“A grandes males, grandes remedios”, dice el refranero popular. Y el sentido práctico impone soluciones, más que críticas o decisiones en caliente. Sobre el tapete de las noticias recientes están dos instituciones que preocupan a las comunidades, porque son indispensables para el buen suceso de la sociedad, pero, manejadas por humanos, están expuestas a las falencias propias de su condición y a los daños sociales que sus malos procedimientos pueden causar. Esas instituciones son el cristianismo y la democracia.

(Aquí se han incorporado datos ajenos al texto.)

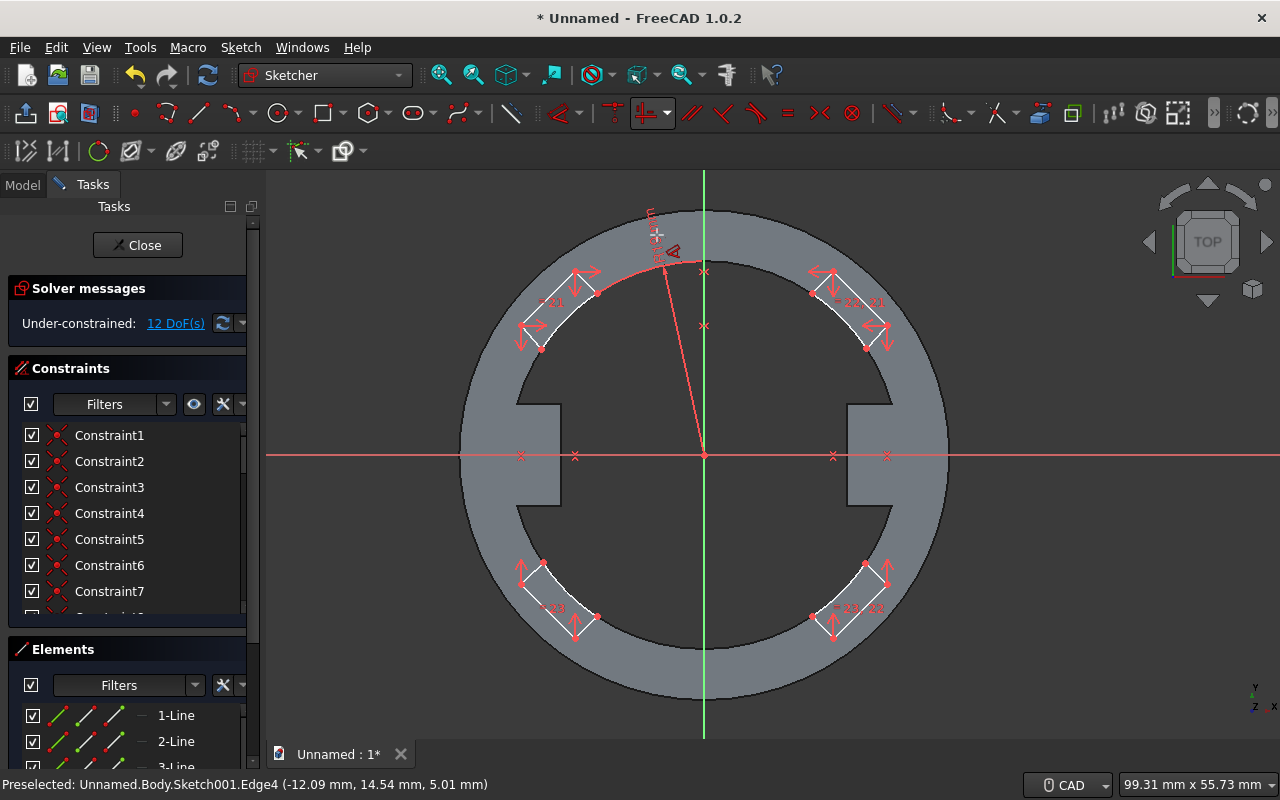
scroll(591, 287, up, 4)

El primero, a través de los siglos, se ha enquistado en la mente y en el alma de millones de fieles, ha conquistado un poder inobjetable y es un factor de equilibrio social y de amortiguador de desigualdades, si se practican sin desvíos las enseñanzas de Jesucristo. La otra institución es la democracia, originaria del ágora ateniense, que se ha impuesto sobre diversas formas de absolutismo y ha conquistado el poder en los países más influyentes del mundo, en desarrollo social, económico y cultural.
Quienes dirigen y representan al cristianismo, desde la cúpula del Vaticano hasta los más humildes curas “rasos”, se han hecho a la idea de que son representantes directos y personales de Jesucristo, y así se lo han impuesto a los feligreses. Pero su condición humana no está exenta de graves faltas, que se han ocultado durante siglos para no afectar la imagen de la iglesia, en un “tapen-tapen” erróneo que se desbordó, para causar un mal mayor del que hubieran causado las sanciones oportunas a los infractores, sometiéndolos a las leyes civiles, sin pretender privilegios “por ser quien sois”.
Igual ha sucedido con la democracia, en cuyos cuerpos colegiados conviven prohombres y villanos, arropados todos con un manto de privilegios, bajo la figura de “representantes del pueblo soberano”, que los unos utilizan para enaltecerlo y mejorarlo y los otros para esquilmarlo y ascender social y económicamente (ellos y sus cercanos familiares y amigos), por tortuosas escaleras de picardía e infamia.
En ambos casos, la iglesia y la democracia, se ha impuesto la figura de la “solidaridad de cuerpo”, para que los buenos disimulen las bellaquerías de los malos, por cobardía o por no afectar la imagen de las instituciones. “A lo hecho, pecho”. Los buenos al altar y a las curules y los malos a los tribunales, si se quieren salvar, para bien de los pueblos, el cristianismo y la democracia.